「蝸牛角上の争い」の意味(語源由来・出典・類義語・英語訳)
【ことわざ】
蝸牛角上の争い
【読み方】
かぎゅうかくじょうのあらそい
【意味】
小さなことで争ったり、喧嘩をしたりすること。また、家や学校などといった狭い世界の中で争うこともいう。
つまり、ちっちゃいことでケンカするのは、大人気ないってことかいな。大事なことは、くだらないことで揉めず、みんなで仲良くすることやね。なるほど、これは良い教えやな!
【語源・由来】
中国の戦国時代・魏の第3代君主として君臨していた恵王(けいおう)は斉王の暗殺を企てていたところ、側近の恵施(けいし)が載晋人(たいしんじん)という人格者を連れてきた。載晋人は恵王に蝸牛の存在を知っているか尋ね、王は肯定し、さらに載晋人は話を続けた。載晋人曰く、蝸牛の左の角に触氏という者の国があり、右の角には蛮氏という者の国が存在した。あるときその両者が角の上で互いの領地を争ったという。載晋人はその逸話を現世に置き換え恵王に、「広大な宇宙に対し、魏はほんのささやかな存在である。そんな中に存在する、梁などちっぽけな存在でしかない。恵王のしようとしていることは蝸牛角上の争いでしかない。」そう説得したという話が由来とされている。
【出典】
『荘子』
【類義語】
・蝸角の争い
・蝸牛の角争い
・蛮触の争い
・蝸牛の角の上に何事をか争う
・コップの中の嵐
・石火光中この身を寄す
【英語訳】
・A storm in a teacup.
・Meaningless argument.
「蝸牛角上の争い」の解説
「蝸牛角上の争い」という言葉は、中国の古典『荘子』から来ていますね。
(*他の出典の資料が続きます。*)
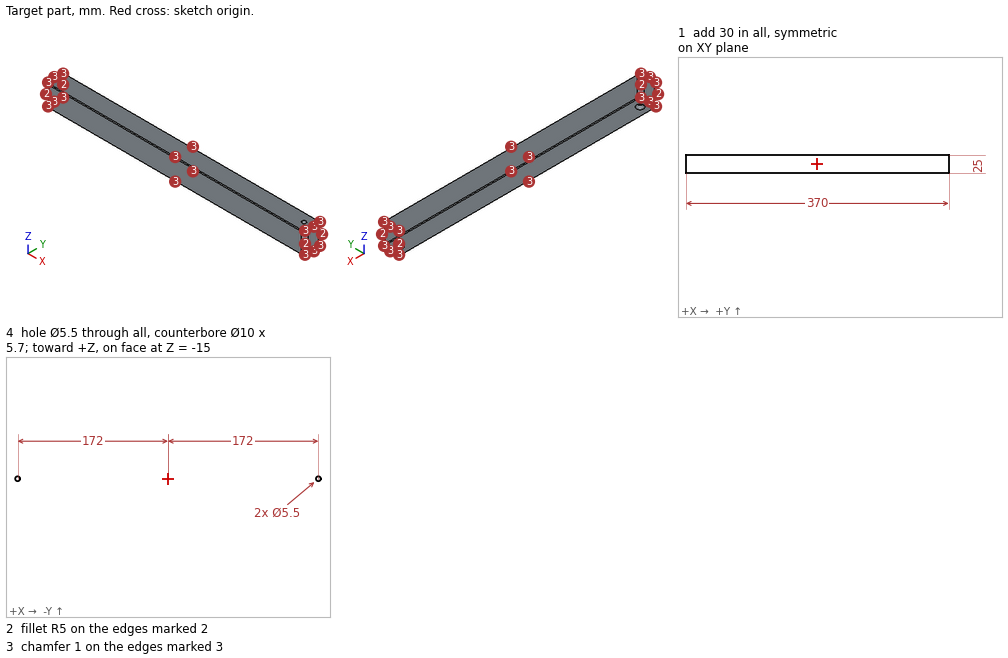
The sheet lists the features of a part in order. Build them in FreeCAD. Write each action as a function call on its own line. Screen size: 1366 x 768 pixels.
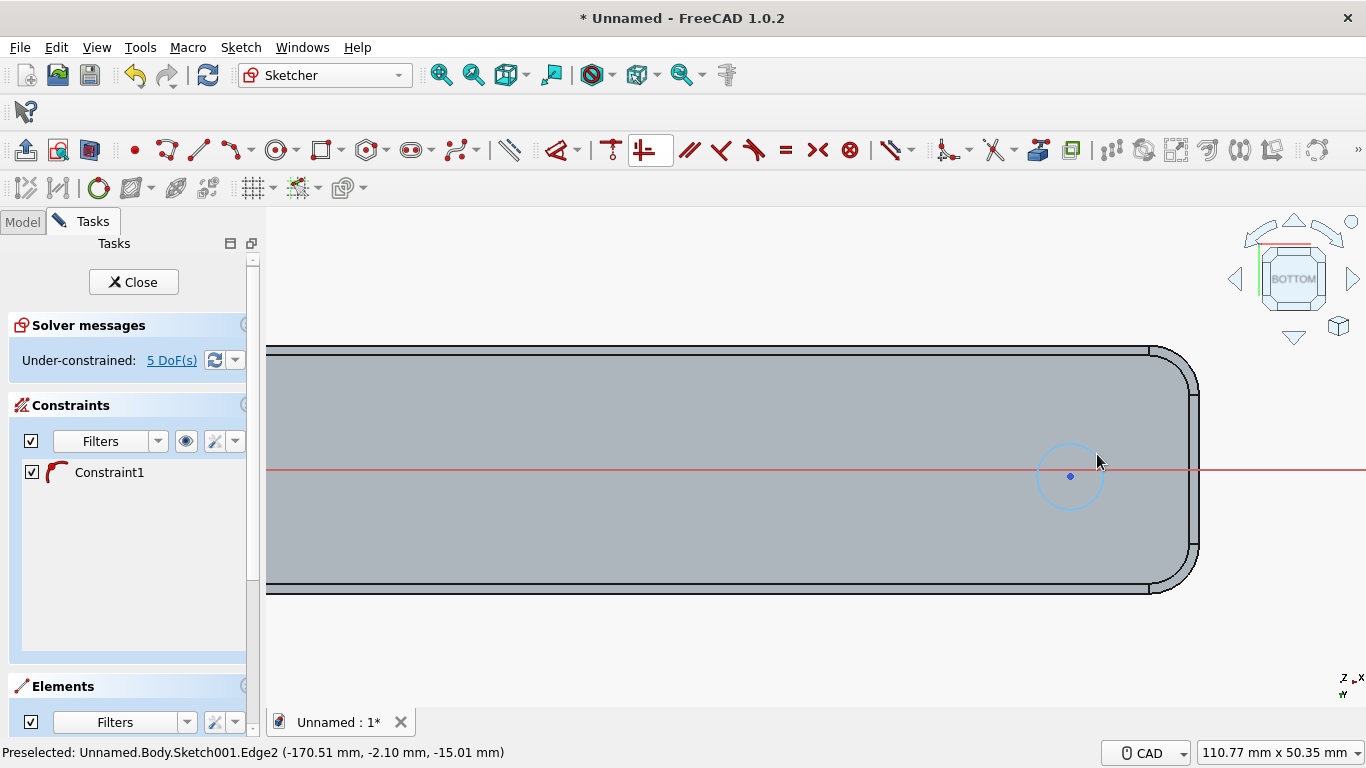
click(1093, 453)

原話では、かたつむりの左と右の角にそれぞれ小さな国があって、その二つの国が領土を争っていたというエピソードがあります。しかし、大きな世界の中で見れば、かたつむりの角は非常に小さいので、そんな小さな場所での争いはとてもつまらないという意味が込められています。
これを日常の生活や人間関係に当てはめると、些細なことでの言い争いや、小さな問題に固執して大きな争いを起こすことを指す時に使われます。つまり、大事にすべきでないことを大事にして争ってしまうことの愚かさや短絡性を皮肉っているわけです。
「蝸牛角上の争い」という言葉を使うことで、争いの原因や背景がどれほど些細なものかを強調し、その争いの不毛さを指摘することができます。
「蝸牛角上の争い」の使い方
「蝸牛角上の争い」の例文
- 大人になっても蝸牛角上の争いなんてみっともないことはやめなさい。
- ケーキの上のイチゴを取ったとか取らなかったとかで喧嘩なんて、まさに蝸牛角上の争いだ。
- 蝸牛角上の争いというようにくだらないことで喧嘩をするな。
- 授業中に男子生徒が蝸牛角上の争いをし、先生に怒られた。
「蝸牛角上の争い」の文学作品などの用例
世の中は蝸牛角上の争闘――私は東京にいるころには、つくづくそれが厭になったんですよ。人の弱点を利用したり、朋党を作って人をおとしいれたり、一歩でも人の先に出よう出ようとのみ齷齪している。実にあさましく感じたですよ。(田山花袋の田舎教師より)
これは、本当に小さなことで争うこと、つまり、些細なことにこだわって争う様子を表現している言葉だ。